Perf can read from files instead of from the standard input:
[caruana] perf -acc -threshold 0.0 -cxe -rms -file testperfdata
ACC 0.10474 pred_thresh 0.000000
RMS 0.34966
CXE 0.57335
Note that the file option must be the last option specified.
Perf has a variety of other options not described here. Perf can plot ROC curves and precision-recall plots, automatically select thresholds that maximize accuracy or make the frequency of the cases predicted to be positive match the number of cases that are positive in the data set (both of these should be used to find thresholds on train or validation sets, and then you should specify that threshold with the "-threshold" option when testing on test sets -- finding optimal thresholds directly on test sets usually is a no-no), display confusion matrices, calculate cost when unequal costs apply to false positives and false negatives, etc. A tutorial on perf is currently being prepared, but you really won't need for the KDD-CUP.

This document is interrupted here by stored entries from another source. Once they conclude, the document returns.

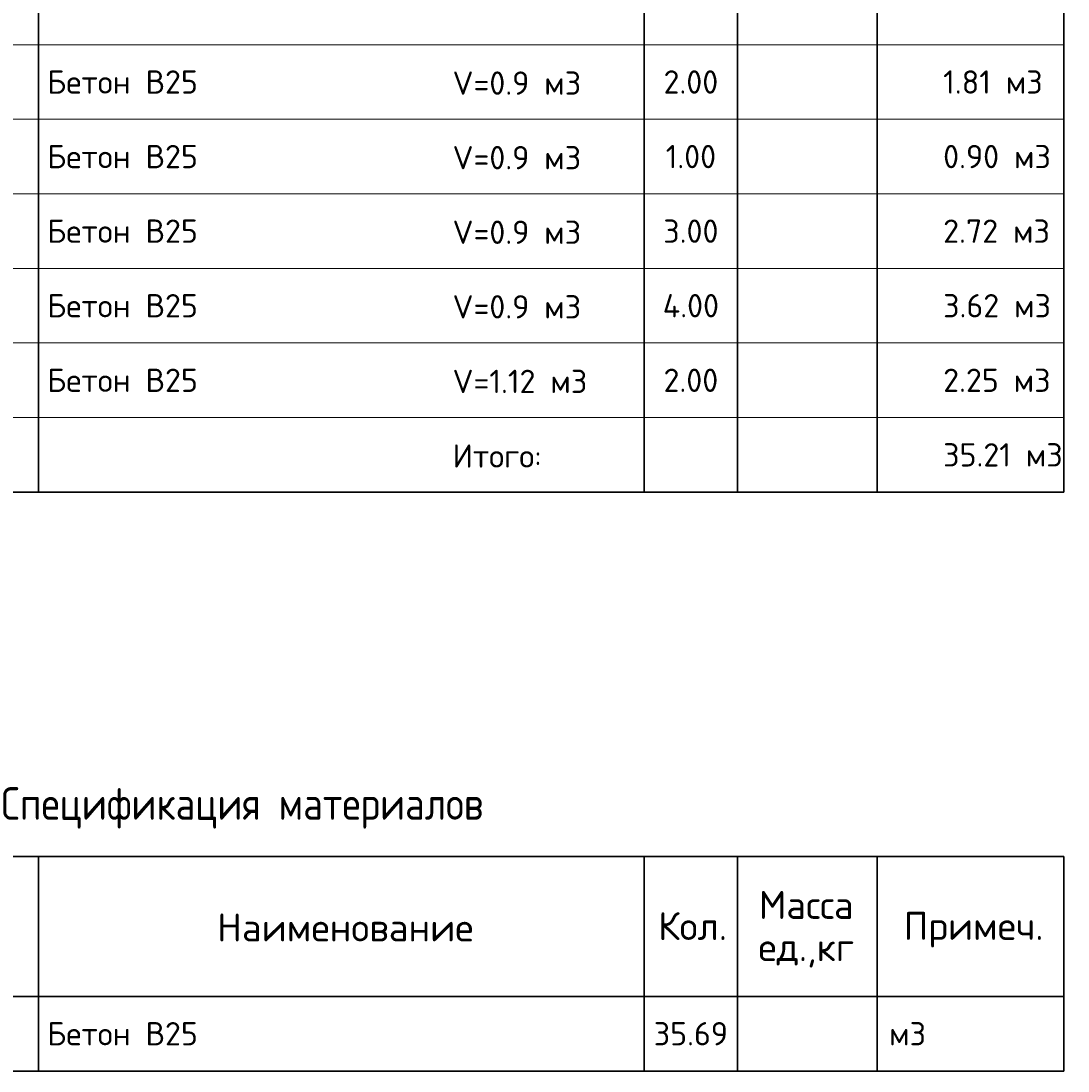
# Model space of a CAD drawing. Header units: millimetres. Extents: x 24180 to 99386, y -42598 to 25936.
# Tile 38 of 41: x 88152 to 99386, y 3385 to 14650. Entities that reach past the tile are written whole.
import ezdxf

# ---------------------------------------------------------------- set-up
doc = ezdxf.new("R2010")
doc.units = ezdxf.units.MM
doc.layers.add('Standard', color=7, linetype='Continuous', lineweight=25)
doc.styles.add('ARIAL', font='ARIAL.TTF')
doc.styles.add('ISOCPEUR', font='ISOCPEUR')

msp = doc.modelspace()

# ---------------------------------------------------------------- linework, layer by layer
at = {"layer": 'Standard', "color": 7, "linetype": 'Continuous', "lineweight": 35, "transparency": 33554687}
for p, q in [((88339.7, 15195.2), (88339.7, 14395.2)), ((94839.7, 15195.2), (94839.7, 14395.2)), ((95839.7, 15195.2), (95839.7, 14395.2)), ((97339.7, 15195.2), (97339.7, 14395.2)), ((99339.7, 15195.2), (99339.7, 14395.2)), ((88339.7, 14395.2), (88339.7, 13595.2)), ((94839.7, 14395.2), (94839.7, 13595.2)), ((95839.7, 14395.2), (95839.7, 13595.2)), ((97339.7, 14395.2), (97339.7, 13595.2)), ((99339.7, 14395.2), (99339.7, 13595.2)), ((88339.7, 13595.2), (88339.7, 12795.2)), ((94839.7, 13595.2), (94839.7, 12795.2)), ((95839.7, 13595.2), (95839.7, 12795.2)), ((97339.7, 13595.2), (97339.7, 12795.2)), ((99339.7, 13595.2), (99339.7, 12795.2)), ((88339.7, 12795.2), (88339.7, 11995.2)), ((94839.7, 12795.2), (94839.7, 11995.2)), ((95839.7, 12795.2), (95839.7, 11995.2)), ((97339.7, 12795.2), (97339.7, 11995.2)), ((99339.7, 12795.2), (99339.7, 11995.2)), ((88339.7, 11995.2), (88339.7, 11195.2)), ((94839.7, 11995.2), (94839.7, 11195.2)), ((95839.7, 11995.2), (95839.7, 11195.2)), ((97339.7, 11995.2), (97339.7, 11195.2)), ((99339.7, 11995.2), (99339.7, 11195.2)), ((88339.7, 11195.2), (88339.7, 9595.2)), ((94839.7, 11195.2), (94839.7, 9595.2)), ((95839.7, 11195.2), (95839.7, 9595.2)), ((97339.7, 11195.2), (97339.7, 9595.2)), ((99339.7, 11195.2), (99339.7, 9595.2)), ((80839.7, 9595.2), (99339.7, 9595.2)), ((80839.7, 5685.2), (99339.7, 5685.2)), ((88339.7, 5685.2), (88339.7, 4185.2)), ((94839.7, 5685.2), (94839.7, 4185.2)), ((95839.7, 5685.2), (95839.7, 4185.2)), ((97339.7, 5685.2), (97339.7, 4185.2)), ((99339.7, 5685.2), (99339.7, 4185.2)), ((99339.7, 4185.2), (80839.7, 4185.2)), ((88339.7, 4185.2), (88339.7, 3385.2)), ((94839.7, 4185.2), (94839.7, 3385.2)), ((95839.7, 4185.2), (95839.7, 3385.2)), ((97339.7, 4185.2), (97339.7, 3385.2)), ((99339.7, 4185.2), (99339.7, 3385.2)), ((80839.7, 3385.2), (99339.7, 3385.2))]:
    msp.add_line(p, q, dxfattribs=at)
at = {"layer": 'Standard', "color": 7, "linetype": 'Continuous', "lineweight": 13, "transparency": 33554687}
for p, q in [((80839.7, 14395.2), (99339.7, 14395.2)), ((80839.7, 13595.2), (99339.7, 13595.2)), ((80839.7, 12795.2), (99339.7, 12795.2)), ((80839.7, 11995.2), (99339.7, 11995.2)), ((80839.7, 11195.2), (99339.7, 11195.2)), ((80839.7, 10395.2), (99339.7, 10395.2)), ((80839.7, 4185.2), (99339.7, 4185.2)), ((80839.7, 3385.2), (99339.7, 3385.2))]:
    msp.add_line(p, q, dxfattribs=at)
at = {"layer": 'Standard', "color": 7, "linetype": 'Continuous', "lineweight": 35, "transparency": 33554687}
msp.add_lwpolyline([(99339.7, 4185.2), (99339.7, 4185.2)], close=True, dxfattribs=at)

# ---------------------------------------------------------------- texts
at = {"layer": 'Standard', "color": 7, "linetype": 'Continuous', "lineweight": 13, "transparency": 33554687, "char_height": 75, "attachment_point": 4}
for s, insert, width, style in [('}\\P', (88439.7, 14645.1), 86.591, 'ARIAL'), ('\\A1;{\\fISOCPEUR|i0|b0;\\H250.000000;\\W1.000000;\\C7;1.81 м3}\\P', (98046.3, 13995.2), 1134.043, 'ISOCPEUR'), ('}\\P', (88439.7, 14205.2), 86.591, 'ARIAL'), ('\\A1;{\\fISOCPEUR|i0|b0;\\H250.000000;\\W1.000000;\\C7;V=0.9 м3}\\P', (92782.4, 13983.5), 1470.536, 'ISOCPEUR'), ('}\\P', (88439.7, 13845.1), 86.591, 'ARIAL'), ('}\\P', (88439.7, 13405.2), 86.591, 'ARIAL'), ('\\A1;{\\fISOCPEUR|i0|b0;\\H250.000000;\\W1.000000;\\C7;V=0.9 м3}\\P', (92782.4, 13183.5), 1470.536, 'ISOCPEUR'), ('\\A1;{\\fISOCPEUR|i0|b0;\\H250.000000;\\W1.000000;\\C7;0.90 м3}\\P', (98046.3, 13195.2), 1244.681, 'ISOCPEUR'), ('}\\P', (88439.7, 13045.1), 86.591, 'ARIAL'), ('}\\P', (88439.7, 12605.2), 86.591, 'ARIAL'), ('\\A1;{\\fISOCPEUR|i0|b0;\\H250.000000;\\W1.000000;\\C7;V=0.9 м3}\\P', (92782.4, 12383.5), 1470.536, 'ISOCPEUR'), ('\\A1;{\\fISOCPEUR|i0|b0;\\H250.000000;\\W1.000000;\\C7;2.72 м3}\\P', (98046.3, 12395.2), 1244.681, 'ISOCPEUR'), ('}\\P', (88439.7, 12245.1), 86.591, 'ARIAL'), ('}\\P', (88439.7, 11805.2), 86.591, 'ARIAL'), ('\\A1;{\\fISOCPEUR|i0|b0;\\H250.000000;\\W1.000000;\\C7;3.62 м3}\\P', (98046.3, 11595.2), 1244.681, 'ISOCPEUR'), ('\\A1;{\\fISOCPEUR|i0|b0;\\H250.000000;\\W1.000000;\\C7;V=0.9 м3}\\P', (92782.4, 11583.5), 1470.536, 'ISOCPEUR'), ('\\A1;{\\fISOCPEUR|i0|b0;\\H250.000000;\\W1.000000;\\C7;V=1.12 м3}\\P', (92782.4, 10783.5), 1538.095, 'ISOCPEUR'), ('}\\P', (88439.7, 11005.2), 86.591, 'ARIAL'), ('}\\P', (88439.7, 11005.2), 86.591, 'ARIAL'), ('\\A1;{\\fISOCPEUR|i0|b0;\\H250.000000;\\W1.000000;\\C7;2.25 м3}\\P', (98046.3, 10795.2), 1244.681, 'ISOCPEUR'), ('}\\P', (88439.7, 10645.1), 86.591, 'ARIAL'), ('\\A1;{\\fISOCPEUR|i0|b0;\\H250.000000;\\W1.000000;\\C7;Итого:}\\P', (92782.4, 9983.5), 1144.186, 'ISOCPEUR'), ('\\A1;{\\fISOCPEUR|i0|b0;\\H250.000000;\\W1.000000;\\C7;35.21 м3}\\P', (98046.3, 9995.2), 1365.741, 'ISOCPEUR'), ('}\\P', (88439.7, 3995.2), 86.591, 'ARIAL'), ('}\\P', (88439.7, 3635.1), 86.591, 'ARIAL')]:
    msp.add_mtext(s, dxfattribs=dict(at, insert=insert, width=width, style=style))
at = {"layer": 'Standard', "color": 7, "linetype": 'Continuous', "lineweight": 50, "transparency": 33554687, "char_height": 75, "width": 1771.324, "attachment_point": 4, "style": 'ISOCPEUR'}
for insert in [(88432.9, 13995.2), (88432.9, 13195.2), (88432.9, 12395.2), (88432.9, 11595.2), (88432.9, 10795.2), (88432.9, 3785.2)]:
    msp.add_mtext('\\A1;{\\fISOCPEUR|i0|b0;\\H250.000000;\\W1.000000;\\C7;Бетон В25}\\P', dxfattribs=dict(at, insert=insert))
at = {"layer": 'Standard', "color": 7, "linetype": 'Continuous', "lineweight": 35, "transparency": 33554687, "style": 'ISOCPEUR'}
for s, insert, char_height, width, attachment_point in [('\\A1;{\\fISOCPEUR|i0|b0;\\H250.000000;\\W1.000000;\\C7;2.00}\\P', (95339.7, 13995.2), 75, 715.385, 5), ('\\A1;{\\fISOCPEUR|i0|b0;\\H250.000000;\\W1.000000;\\C7;1.00}\\P', (95339.7, 13195.2), 75, 655.769, 5), ('\\A1;{\\fISOCPEUR|i0|b0;\\H250.000000;\\W1.000000;\\C7;3.00}\\P', (95339.7, 12395.2), 75, 715.385, 5), ('\\A1;{\\fISOCPEUR|i0|b0;\\H250.000000;\\W1.000000;\\C7;4.00}\\P', (95339.7, 11595.2), 75, 740.741, 5), ('\\A1;{\\fISOCPEUR|i0|b0;\\H250.000000;\\W1.000000;\\C7;2.00}\\P', (95339.7, 10795.2), 75, 715.385, 5), ('\\A1;{\\fISOCPEUR|i0|b0;\\H350.000000;\\W1.000000;\\C7;Спецификация материалов}\\P', (90089.7, 5985.2), 105, 6122.965, 8), ('\\A1;{\\fISOCPEUR|i0|b0;\\H300.000000;\\W1.000000;\\C7;Наименование}\\P', (91632.3, 4925.2), 90, 2786.667, 5), ('\\A1;{\\fISOCPEUR|i0|b0;\\H300.000000;\\W1.000000;\\C7;Кол.}\\P', (95358.5, 4939.7), 90, 888.889, 5), ('\\A1;{\\fISOCPEUR|i0|b0;\\H300.000000;\\W1.000000;\\C7;Примеч.}\\P', (98372.7, 4900.8), 90, 1553.878, 5), ('\\A1;{\\fISOCPEUR|i0|b0;\\H250.000000;\\W1.000000;\\C7;35.69}\\P', (95339.7, 3785.2), 75, 892.424, 5), ('\\A1;{\\fISOCPEUR|i0|b0;\\H250.000000;\\W1.000000;\\C7;м3}\\P', (97466, 3785.2), 75, 485.294, 4)]:
    msp.add_mtext(s, dxfattribs=dict(at, insert=insert, char_height=char_height, width=width, attachment_point=attachment_point))
at = {"layer": 'Standard', "color": 7, "linetype": 'Continuous', "lineweight": 35, "transparency": 33554687, "insert": (96577.3, 5316.6), "char_height": 300, "width": 1244.513, "attachment_point": 2, "line_spacing_factor": 0.903614, "style": 'ARIAL'}
msp.add_mtext('\\A1;{\\fISOCPEUR|i0|b0;\\H300.000000;\\W1.000000;\\C7;Масса}\\P{\\fISOCPEUR|i0|b0;\\H300.000000;\\W1.000000;\\C7;ед.,кг}\\P', dxfattribs=at)

doc.saveas('drawing.dxf')

To see a list of perf's options, run perf with an illegal option such as "-help":
[caruana] perf -help
Error: Unrecognized program option -help
Version 5.00 [KDDCUP-2004]
Usage:
./perf [options] < input
OR ./perf [options] -file <input file>
OR ./perf [options] -files <targets file> <predictions file>
Allowed options:
PERFORMANCE MEASURES
-ACC Accuracy
-RMS Root Mean Squared Error
-CXE Mean Cross-Entropy
-ROC ROC area [default, if nothing else selected]
-R50 ROC area up to 50 negative examples
-SEN Sensitivity
-SPC Specificity
-NPV Negative Predictive Value
-PPV Positive Predictive Value
-PRE Precision
-REC Recall
-PRF F1 score
-PRB Precision/Recall Break Even Point
-APR Mean Average Precision
-LFT Lift (at threshold)
-TOP1 Top 1: is the top ranked case positive
-TOP10 Top 10: is there a positive in the top 10 ranked cases
-NTOP <N> How many positives in the top N ranked cases
-RKL Rank of *last* (poorest ranked) positive case
-NRM <arg> Norm error using L<arg> metric
-CST <tp> <fn> <fp> <tn>
Total cost using these cost values, plus min-cost results
-SAR <wACC> <wROC> <wRMS><br>
SAR = (wACC*ACC + wROC*ROC + wRMS(1-RMS))/(wACC+wROC+wRMS)
typically wACC = wROC = wRMS = 1.0
-CAL <bin_size> CA1/CA2 scores
-SLQ <bin_width> Slac Q-score
METRIC GROUPS
-all display most metrics (the default if no options are specified)
-easy ROC, ACC and RMS
-stats Accuracy, confusion table metrics, lift
-confusion Confusion table plus all metrics in stat
PLOTS (Only one plot is drawn at a time)
-plot roc Draw ROC plot
-plor pr Draw Precision/Recall plot
-plot lift Draw Lift versus threshold plot
-plot cost Draw Cost versus threshold plot
-plot acc Draw Accuracy versus threshold plot
PARAMETERS
-t <arg> Set threshold [default threshold is 0.5 if not set]
-percent <arg> Set threshold so <arg> percent of data falls above threshold (predicted positive)
INPUT
-blocks Input has BLOCK ID numbers in first column. Calculate performance for each block and
report the mean performance across the blocks. Only works with APR, TOP1, RKL, and RMS.
If using separate files for target and predictions input (-file option), the BLOCK ID numbers
must be the first column of the target file, with no block numbers in the predictions file.
-file <file> Read input from one file (1st col targets, 2nd col predictions)
-files <targets file> <predictions file> Read input from two separate files
|